I need manufacturers to give "frame spent 3 decades in the salt belt, questionable metal compatibility and won't be taken apart until it breaks again" torque specs.

It's like they think I'm going to take this thing apart and put it back together every year.

j/k, finding torque specs for a decades old steel bike is a lost cause


a good machinists handbook will give you torque specs that take into account fastener size, material, and thread-locking style.[0]

mine is much older than linked version, but i doubt they'd revise that whole section out of it.

[0]: https://www.amazon.com/Machinerys-Handbook-Toolbox-Erik-Ober...


In the car world that torque is measured in ugga duggas from the impact wrench


I keep a toothbrush covered in grease for just this purpose.

It’s also a magnetic one so I can stick it to stuff and it stays put.


> I keep a toothbrush covered in grease for just this purpose.

Speaking from personal experience, this is also useful for brushing a robot's teeth.


Where does one find a magnetic toothbrush?


It’s an old Sonicare brush head (a couple of fairly strong magnets are mounted to the bottom), there are also some kinda neat suction cup toothbrush holders you could use


There are different torque-to-tension equations for lubricated and unlubricated fasteners, of various materials and platings.


A properly designed service manual will specific if the fastener should be lubed.
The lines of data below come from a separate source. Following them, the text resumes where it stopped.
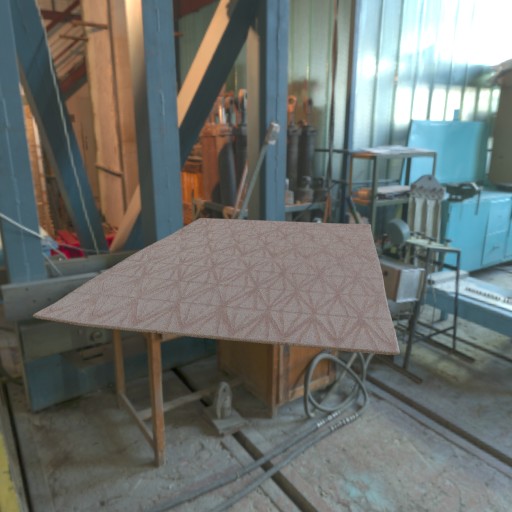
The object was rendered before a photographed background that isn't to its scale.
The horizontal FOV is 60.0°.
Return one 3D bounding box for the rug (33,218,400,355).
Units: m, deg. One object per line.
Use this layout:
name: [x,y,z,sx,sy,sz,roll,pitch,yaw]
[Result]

If it doesn't say lube/thread locker should be used, then the fastener should be torqued dry.


In bicycle applications it is common to elide explicit instruction to use grease. Nevertheless it should be used.


Yes, that's the way aircraft fasteners are put on.

There's another reason to grease them - the grease keeps the water out which prevents corrosion.

In working on my cars, I always use a bit of grease when assembling fasteners. I've never had one come loose, nor have any rusted themselves on.


In some cases (some spark plugs are what I can think of) explicitly tell you NOT to grease them, as that will let you over-torque them and potentially damage threads (aluminum heads, steel plugs). So using grease is not always the recommended procedure.